É para o trabalho que querem se vestir bem. É para os colegas de trabalho ( e “contatos” ) que querem oferecer seus sorrisos. É para o trabalho, que planejam seus sonhos, projetos, e energias.

Primeiro, a faculdade, depois a pós-graduação... nesse meio do caminho, um apartamento, um carro, se houver oportunidade, um MBA no exterior, depois.....Opa ! Está na hora de ter um filho ! É mais uma etapa da da “realização pessoal”.

Enquanto essa etapa não chega,eles e elas vão repetindo frases assim: “Estou focado nisso...”, “Estou apaixonado(a) por mim...”

" O trabalho é lugar de admiração, enquanto a casa está se transformando no espaço da culpa e da dívida".

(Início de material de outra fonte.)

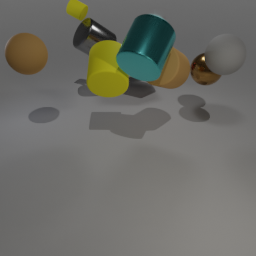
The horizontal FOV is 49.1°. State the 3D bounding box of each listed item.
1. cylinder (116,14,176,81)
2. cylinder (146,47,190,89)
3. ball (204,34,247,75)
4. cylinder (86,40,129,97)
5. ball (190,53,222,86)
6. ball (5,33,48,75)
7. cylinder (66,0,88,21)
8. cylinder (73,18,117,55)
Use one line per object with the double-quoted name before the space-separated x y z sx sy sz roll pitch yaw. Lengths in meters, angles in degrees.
"cylinder" 0.535 -2.341 8.297 1.400 1.400 1.400 16 71 24
"cylinder" 1.315 -2.113 9.768 1.400 1.400 1.400 16 10 25
"ball" 3.394 -2.559 9.792 1.400 1.400 1.400 0 31 0
"cylinder" -0.675 -2.009 9.627 1.400 1.400 1.400 0 59 0
"ball" 3.390 -2.544 12.113 1.400 1.400 1.400 0 31 0
"ball" -3.481 -2.542 9.640 1.400 1.400 1.400 0 31 0
"cylinder" -2.210 -5.158 12.202 0.700 0.700 0.700 30 36 3
"cylinder" -1.461 -3.842 12.278 1.400 1.400 1.400 22 15 -38
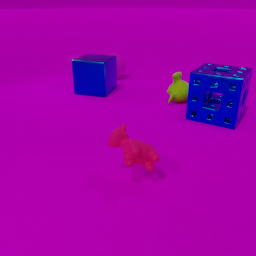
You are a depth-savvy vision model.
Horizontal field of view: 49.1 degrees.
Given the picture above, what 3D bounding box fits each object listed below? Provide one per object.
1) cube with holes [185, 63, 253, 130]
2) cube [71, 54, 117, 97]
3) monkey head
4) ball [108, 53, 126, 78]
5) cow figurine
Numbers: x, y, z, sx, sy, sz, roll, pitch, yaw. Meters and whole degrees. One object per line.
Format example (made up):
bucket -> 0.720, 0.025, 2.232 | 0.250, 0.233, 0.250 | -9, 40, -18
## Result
cube with holes -> 2.587, -0.970, 7.974 | 1.375, 1.375, 1.375 | 14, 29, 28
cube -> -1.178, -1.935, 10.181 | 1.238, 1.238, 1.238 | 8, 26, 16
monkey head -> 1.735, -1.312, 9.173 | 1.252, 0.901, 0.755 | -25, 49, -13
ball -> -0.592, -2.630, 11.850 | 1.054, 1.054, 1.054 | 0, 25, 0
cow figurine -> 0.096, 0.357, 5.282 | 0.937, 0.514, 0.922 | 17, 25, -19
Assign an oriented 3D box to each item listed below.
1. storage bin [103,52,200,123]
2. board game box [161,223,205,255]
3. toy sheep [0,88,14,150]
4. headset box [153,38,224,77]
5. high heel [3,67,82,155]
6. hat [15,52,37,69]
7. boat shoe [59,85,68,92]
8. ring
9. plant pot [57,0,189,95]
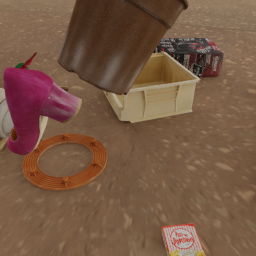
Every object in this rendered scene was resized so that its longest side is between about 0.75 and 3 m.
[{"bbox_3d":[0.593,-1.496,9.655,2.589,1.222,2.608,-10,36,-15],"label":"storage bin"},{"bbox_3d":[1.021,2.196,5.167,0.638,0.195,0.842,-5,35,-7],"label":"board game box"},{"bbox_3d":[-3.678,-0.331,7.756,2.398,1.653,1.653,20,38,9],"label":"toy sheep"},{"bbox_3d":[2.625,-3.092,12.104,2.849,1.069,2.117,-2,34,-3],"label":"headset box"},{"bbox_3d":[-1.901,-0.198,4.793,2.451,1.176,0.825,-21,49,47],"label":"high heel"},{"bbox_3d":[-4.343,-2.541,11.236,1.311,1.154,1.086,-17,38,-23],"label":"hat"},{"bbox_3d":[-2.644,-1.291,10.188,1.017,0.366,0.343,-15,70,-34],"label":"boat shoe"},{"bbox_3d":[-1.625,0.749,7.281,2.181,0.209,2.181,0,34,0],"label":"ring"},{"bbox_3d":[-0.251,-1.933,5.588,2.142,2.121,2.142,25,16,-8],"label":"plant pot"}]
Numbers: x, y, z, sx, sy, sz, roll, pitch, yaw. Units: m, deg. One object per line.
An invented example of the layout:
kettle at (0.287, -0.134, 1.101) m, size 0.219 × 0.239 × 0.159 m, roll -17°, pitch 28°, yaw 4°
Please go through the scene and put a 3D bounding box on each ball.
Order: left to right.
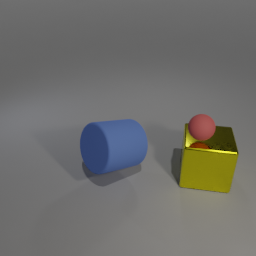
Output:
ball at (1.932, -0.018, 7.355) m, size 0.700 × 0.700 × 0.700 m, roll 0°, pitch 30°, yaw 0°

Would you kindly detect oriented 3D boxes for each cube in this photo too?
cube at (2.283, 0.837, 8.171) m, size 1.400 × 1.400 × 1.400 m, roll 5°, pitch 31°, yaw 9°

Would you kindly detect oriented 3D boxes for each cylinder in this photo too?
cylinder at (-0.405, 0.486, 7.909) m, size 1.400 × 1.400 × 1.400 m, roll -7°, pitch 27°, yaw -42°
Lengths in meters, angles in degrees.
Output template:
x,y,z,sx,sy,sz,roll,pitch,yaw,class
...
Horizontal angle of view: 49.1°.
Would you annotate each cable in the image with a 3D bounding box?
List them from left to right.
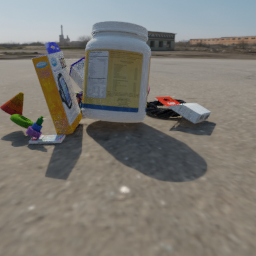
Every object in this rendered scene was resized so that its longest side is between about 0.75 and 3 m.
x,y,z,sx,sy,sz,roll,pitch,yaw,class
1.351,-0.831,10.560,1.601,0.498,1.962,0,19,-7,cable

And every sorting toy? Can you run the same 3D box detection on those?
x,y,z,sx,sy,sz,roll,pitch,yaw,class
-2.919,-0.467,7.999,2.090,0.720,0.725,34,5,41,sorting toy

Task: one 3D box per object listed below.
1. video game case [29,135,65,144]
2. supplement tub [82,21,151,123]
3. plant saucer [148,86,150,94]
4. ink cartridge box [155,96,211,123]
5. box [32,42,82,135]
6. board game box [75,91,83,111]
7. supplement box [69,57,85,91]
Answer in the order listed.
x,y,z,sx,sy,sz,roll,pitch,yaw,class
-2.186,0.298,7.619,0.842,0.073,0.602,-1,14,-1,video game case
-0.351,-1.673,8.849,2.065,2.854,2.065,5,5,0,supplement tub
0.151,-1.373,11.634,1.609,0.408,1.609,-14,40,12,plant saucer
1.849,-0.759,9.295,1.600,0.378,1.280,37,24,22,ink cartridge box
-2.053,-1.203,8.258,0.527,2.542,1.513,-14,17,7,box
-1.755,-1.070,10.912,0.251,0.731,0.884,20,23,24,board game box
-1.570,-2.002,11.802,0.877,1.734,0.896,-39,-5,-25,supplement box
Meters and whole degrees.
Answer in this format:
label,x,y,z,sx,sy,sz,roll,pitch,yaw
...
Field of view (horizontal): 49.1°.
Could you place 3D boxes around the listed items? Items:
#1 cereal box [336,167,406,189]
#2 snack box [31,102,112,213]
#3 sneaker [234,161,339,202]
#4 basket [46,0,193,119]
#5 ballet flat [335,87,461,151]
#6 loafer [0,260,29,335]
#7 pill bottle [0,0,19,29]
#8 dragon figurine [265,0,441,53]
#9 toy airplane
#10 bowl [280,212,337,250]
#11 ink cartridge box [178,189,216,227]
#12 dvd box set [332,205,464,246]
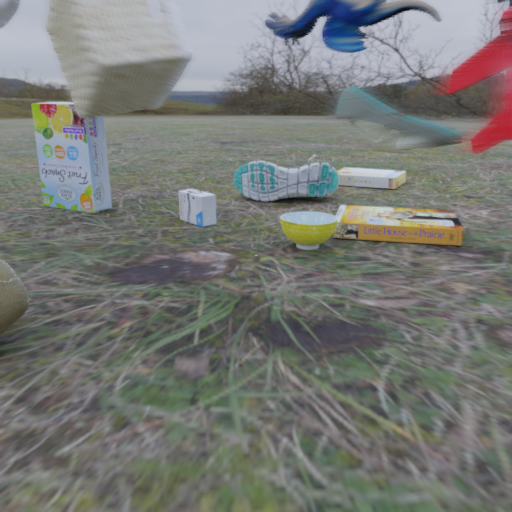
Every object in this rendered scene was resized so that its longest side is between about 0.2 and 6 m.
label,x,y,z,sx,sy,sz,roll,pitch,yaw
cereal box,3.083,-2.143,15.387,1.802,0.356,1.296,9,19,26
snack box,-4.013,-2.166,12.207,1.616,2.272,0.602,10,21,29
sneaker,0.743,-1.709,13.469,2.544,0.987,1.160,6,0,14
basket,-2.502,-3.830,9.896,1.709,2.106,2.125,-20,-3,-28
ballet flat,2.104,-1.921,8.447,1.916,0.610,0.646,24,16,2
loafer,-3.637,0.201,6.513,1.157,1.304,3.430,-12,31,-37
pill bottle,-3.432,-3.253,6.723,0.995,0.552,0.552,38,12,-13
dragon figurine,1.633,-4.087,9.765,2.860,1.422,0.842,17,38,4
toy airplane,2.761,-2.000,5.968,0.417,2.266,2.266,11,12,-25
bowl,0.880,-0.399,9.485,0.972,0.523,0.972,1,16,0
ink cartridge box,-1.239,-0.985,11.231,0.358,0.612,1.056,-13,21,-36
dvd box set,2.613,-0.605,10.471,2.234,0.328,1.635,4,17,13
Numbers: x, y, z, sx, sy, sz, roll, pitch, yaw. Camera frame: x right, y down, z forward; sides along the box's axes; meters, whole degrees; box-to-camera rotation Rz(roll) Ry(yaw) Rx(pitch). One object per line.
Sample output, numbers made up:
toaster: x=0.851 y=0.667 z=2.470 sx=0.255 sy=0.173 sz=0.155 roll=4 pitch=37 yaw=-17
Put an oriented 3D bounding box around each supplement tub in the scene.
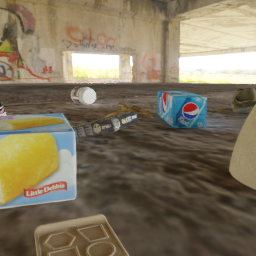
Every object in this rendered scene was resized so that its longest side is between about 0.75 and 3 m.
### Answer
supplement tub: x=-2.300 y=-1.671 z=14.438 sx=0.873 sy=0.873 sz=1.243 roll=-9 pitch=15 yaw=-38

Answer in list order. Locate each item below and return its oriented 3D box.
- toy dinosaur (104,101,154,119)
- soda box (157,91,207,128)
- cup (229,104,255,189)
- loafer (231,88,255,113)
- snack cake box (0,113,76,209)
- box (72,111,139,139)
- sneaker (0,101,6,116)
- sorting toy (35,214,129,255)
toy dinosaur: x=-0.109 y=-0.569 z=9.645 sx=2.045 sy=0.595 sz=1.034 roll=-5 pitch=13 yaw=-23
soda box: x=1.697 y=-0.712 z=9.436 sx=0.988 sy=0.935 sz=2.914 roll=0 pitch=10 yaw=-4
cup: x=2.640 y=0.062 z=4.215 sx=2.028 sy=1.450 sz=2.028 roll=0 pitch=11 yaw=0
loafer: x=4.911 y=-1.204 z=11.804 sx=1.053 sy=0.976 sz=2.801 roll=1 pitch=11 yaw=7
snack cake box: x=-2.204 y=0.397 z=3.787 sx=2.806 sy=0.943 sz=1.614 roll=-3 pitch=13 yaw=-18
box: x=-0.594 y=-0.067 z=6.782 sx=1.369 sy=0.336 sz=1.103 roll=-12 pitch=4 yaw=32
sneaker: x=-4.785 y=-0.573 z=9.405 sx=0.633 sy=0.680 sz=1.575 roll=1 pitch=12 yaw=13
sorting toy: x=-0.433 y=1.081 z=2.498 sx=0.719 sy=0.142 sz=0.777 roll=-5 pitch=17 yaw=-21
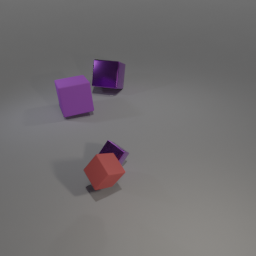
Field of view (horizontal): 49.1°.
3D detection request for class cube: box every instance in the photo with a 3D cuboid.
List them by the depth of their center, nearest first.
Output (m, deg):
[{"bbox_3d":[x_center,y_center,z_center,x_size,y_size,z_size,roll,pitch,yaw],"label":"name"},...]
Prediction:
[{"bbox_3d":[-0.647,1.180,7.688,0.700,0.700,0.700,2,46,-51],"label":"cube"},{"bbox_3d":[-0.489,0.898,9.214,0.700,0.700,0.700,34,-1,15],"label":"cube"},{"bbox_3d":[-2.480,-1.499,12.895,1.400,1.400,1.400,-14,27,-15],"label":"cube"},{"bbox_3d":[-1.026,-2.889,15.182,1.400,1.400,1.400,8,9,12],"label":"cube"}]

Esse comentário é de uma mulher bem sucedida: Vicky Block.

Eduardo
Santo André-SP

Maria Teresa disse...

Eduardo, o seu comentário é muito interessante, assim como o da Rose. Destaco o seguinte trecho por achá-lo emblemático do atual momento da mulher profissional fora do lar:
É para o trabalho que querem se vestir bem. É para os colegas de trabalho ( e “contatos” ) que querem oferecer seus sorrisos. É para o trabalho, que planejam seus sonhos, projetos, e energias.
Primeiro, a faculdade, depois a pós-graduação... nesse meio do caminho, um apartamento, um carro, se houver oportunidade, um MBA no exterior, depois.....Opa ! Está na hora de ter um filho ! É mais uma etapa da da “realização pessoal”.
Enquanto essa etapa não chega,eles e elas vão repetindo frases assim: “Estou focado nisso...”, “Estou apaixonado(a) por mim...”
" O trabalho é lugar de admiração, enquanto a casa está se transformando no espaço da culpa e da dívida".
Disse da mulher porque concordo c vc que ela é quem mudou mais. Sei, por experiência própria, como é desvalorizado o trabalho (profissional também) da mulher no lar. Fiquei muito tempo só cuidando da família e depois comecei a trabalhar regularmente, já há anos. Realmente, mesmo sendo atribulada a dupla jornada feminina, é muito mais fácil ter, por exemplo, um horário p almoço parar para comer, cercada de afazeres e filhos. É preciso, porém, se determinar as prioridades da vida."Onde está o seu tesouro, aí está o seu coração", não é?